CLI Struct: e.g. MyToolCLI
Data Struct: e.g. MyTool
Initialization Function: e.g. init_my_tool_structs(my_tool_conf: dict, common: Common) -> MyTool
Invocation: e.g. def run_my_tool(my_tool: MyTool)

        graph LR
   A[User Input] --> B[Initalized Struct];
   B --> C[Tool Invocation];
   C --> D[Results]

In this section, we will focus on the portion of the diagram from User Input to Initalized Struct.

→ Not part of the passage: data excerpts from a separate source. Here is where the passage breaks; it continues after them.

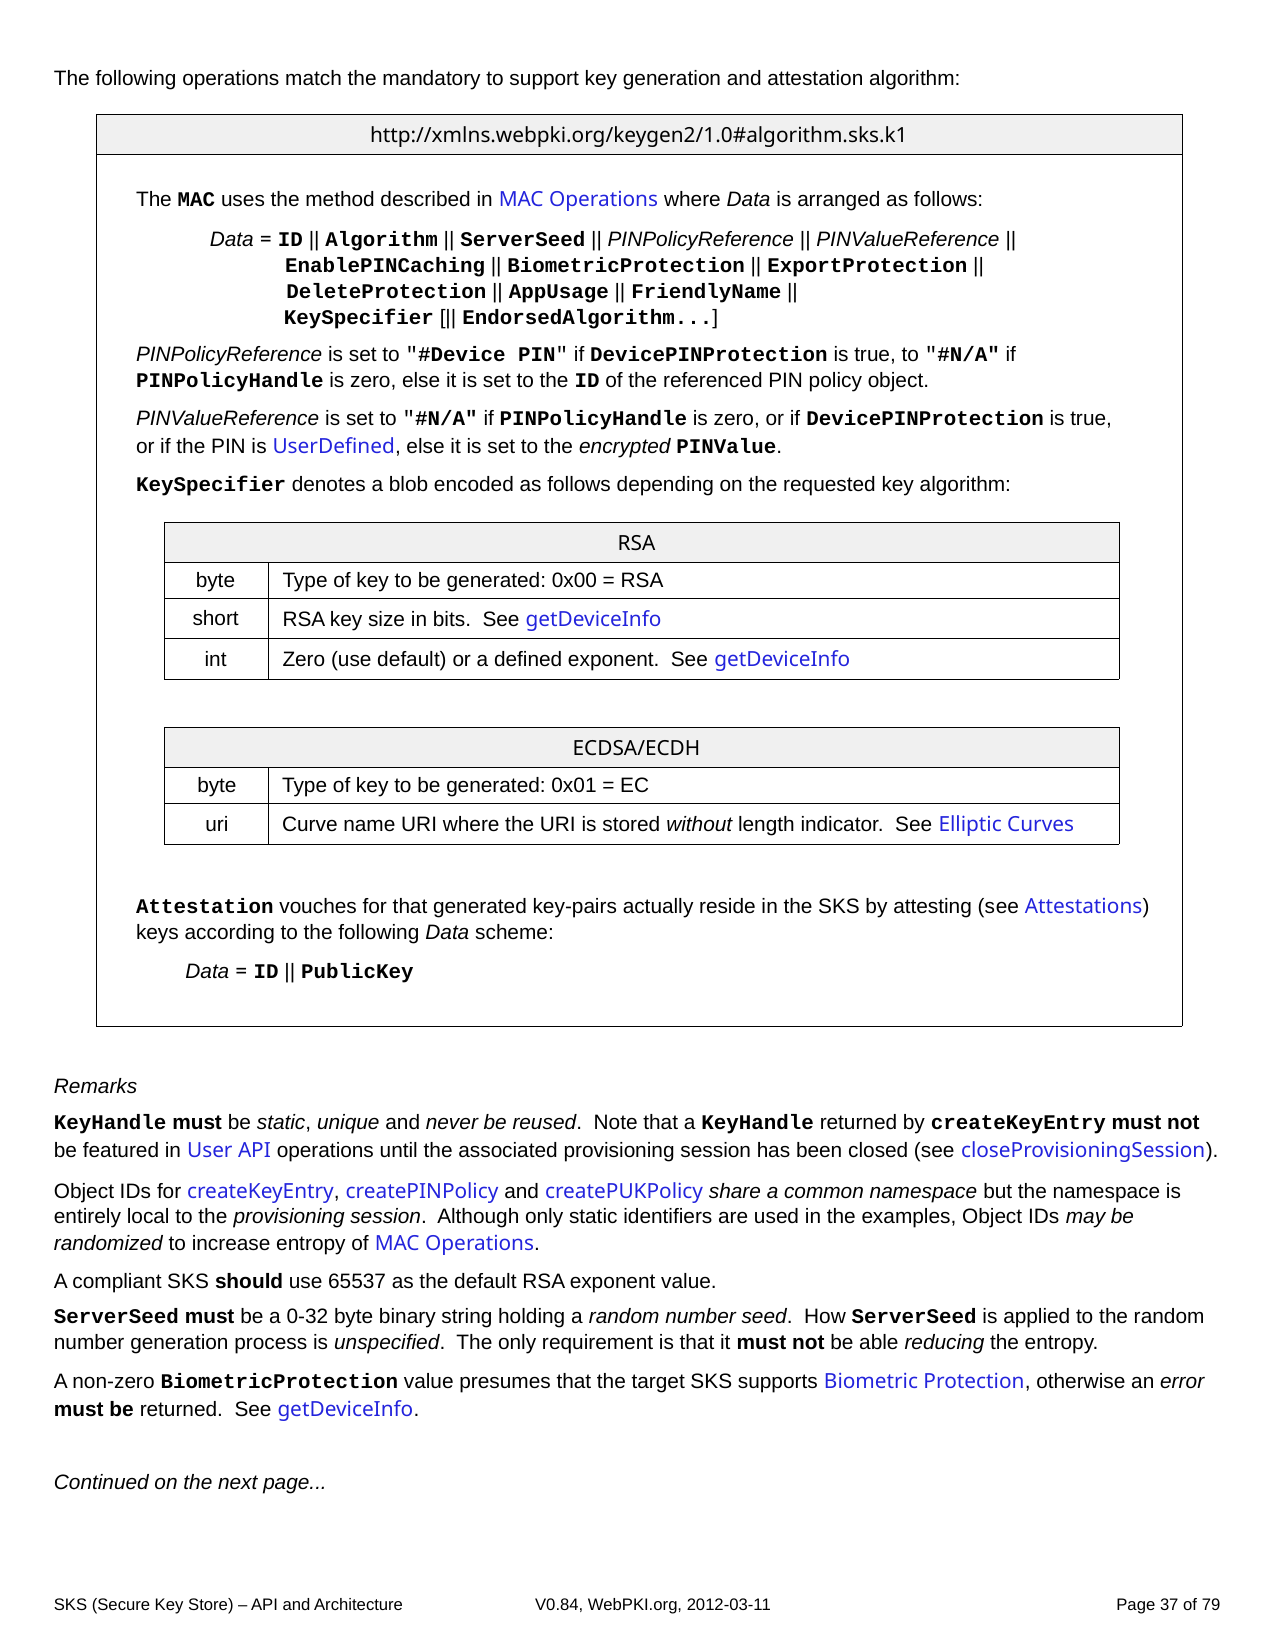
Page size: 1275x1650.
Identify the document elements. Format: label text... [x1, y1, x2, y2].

text A non-zero BiometricProtection value presumes that the target SKS supports Biometric Protection, otherwise an error must be returned. See getDeviceInfo. [54, 1366, 1221, 1423]
table_header RSA [165, 523, 1119, 562]
table_cell RSA key size in bits. See getDeviceInfo [269, 599, 1119, 638]
table_cell Zero (use default) or a defined exponent. See getDeviceInfo [269, 639, 1119, 679]
table_cell byte [165, 563, 268, 598]
text A compliant SKS should use 65537 as the default RSA exponent value. [54, 1268, 1221, 1292]
table_header http://xmlns.webpki.org/keygen2/1.0#algorithm.sks.k1 [97, 115, 1182, 154]
table_cell Type of key to be generated: 0x01 = EC [269, 768, 1119, 803]
table_cell short [165, 599, 268, 638]
text Object IDs for createKeyEntry, createPINPolicy and createPUKPolicy share a common namespace but the namespace is entirely local to the provisioning session. Although only static identifiers are used in the examples, Object IDs may be randomized to increase entropy of MAC Operations. [54, 1176, 1221, 1257]
text Remarks [54, 1074, 1221, 1098]
text The following operations match the mandatory to support key generation and attestation algorithm: [54, 66, 1221, 90]
text KeyHandle must be static, unique and never be reused. Note that a KeyHandle returned by createKeyEntry must not be featured in User API operations until the associated provisioning session has been closed (see closeProvisioningSession). [54, 1110, 1221, 1164]
table_header ECDSA/ECDH [165, 728, 1119, 767]
table_cell The MAC uses the method described in MAC Operations where Data is arranged as follows: Data = ID || Algorithm || ServerSeed || PINPolicyReference || PINValueReference || EnablePINCaching || BiometricProtection || ExportProtection || DeleteProtection || AppUsage || FriendlyName || KeySpecifier [|| EndorsedAlgorithm...] PINPolicyReference is set to "#Device PIN" if DevicePINProtection is true, to "#N/A" if PINPolicyHandle is zero, else it is set to the ID of the referenced PIN policy object. PINValueReference is set to "#N/A" if PINPolicyHandle is zero, or if DevicePINProtection is true, or if the PIN is UserDefined, else it is set to the encrypted PINValue. KeySpecifier denotes a blob encoded as follows depending on the requested key algorithm: Attestation vouches for that generated key-pairs actually reside in the SKS by attesting (see Attestations) keys according to the following Data scheme: Data = ID || PublicKey [97, 155, 1182, 1026]
text Continued on the next page... [54, 1470, 1221, 1494]
table_cell int [165, 639, 268, 679]
table_cell Type of key to be generated: 0x00 = RSA [269, 563, 1119, 598]
table_cell Curve name URI where the URI is stored without length indicator. See Elliptic Curves [269, 804, 1119, 843]
table_cell byte [165, 768, 268, 803]
table_cell uri [165, 804, 268, 843]
text ServerSeed must be a 0-32 byte binary string holding a random number seed. How ServerSeed is applied to the random number generation process is unspecified. The only requirement is that it must not be able reducing the entropy. [54, 1304, 1221, 1354]

Current Existing Mappings

CLI Struct → Tool Data Struct
RadGenCLI → Common
AsicDseCLI → AsicDSE
CoffeCLI → Coffe
Ic3dCLI → Ic3d

Format of CLI args, structs, and config file(s)

From src/common/data_structs.py::Common

@dataclass
class Common:
    # ...
    just_config_init: bool = None # flag to determine if the invocation of RAD Gen will just initialze data structures and not run any tools.
    override_outputs: bool = False # If true will override any files which already exist in the output directory
    manual_obj_dir: str = None # If set will use this as the object directory for the current run
    # ...

Corresponding CLI args from src/common/data_structs.py::RadGenCLI:

@dataclass
class RadGenCLI(ParentCLI):
    # ...
    GeneralCLI(key = "override_outputs", shortcut = "-l", datatype = bool, action = "store_true", help_msg = "Uses latest obj / work dir / file paths found in the respective output dirs, overriding existing files"),
    GeneralCLI(key = "manual_obj_dir", shortcut = "-o", datatype = str, help_msg = "Uses user specified obj dir"),
    GeneralCLI(key = "just_config_init", datatype = bool, action = "store_true", help_msg = "Flag to return initialized data structures for whatever subtool is used, without running anything")
    # ...

From the above CLI struct we can pass the command line arguments in a familiar way:

$ python3 rad_gen.py --subtools <subtool_option> --override_outputs --manual_obj_dir path/to/obj_dir --just_config_init

Corresponding rg_top_lvl_conf.yml

# ...
common:
    just_config_init: True
    override_outputs: True
    manual_obj_dir: path/to/obj_dir
# ...

We can see the corresponding keys across the Common struct, the rg_top_lvl_conf.yml file, and command line arguments in the RadGenCLI struct. The general idea is to keep naming consistent across all possible user entry points, ideally avoiding confusion.

Note

Fields in CLI or Tool structs that are initialized to None are not all necessarily optional. Different fields are mandatory for different modes of operation so mandatory ones aren’t always enforced. A nice infrastructure improvement in the future would be to go through all tools and put verify legal options somewhere after struct initialization.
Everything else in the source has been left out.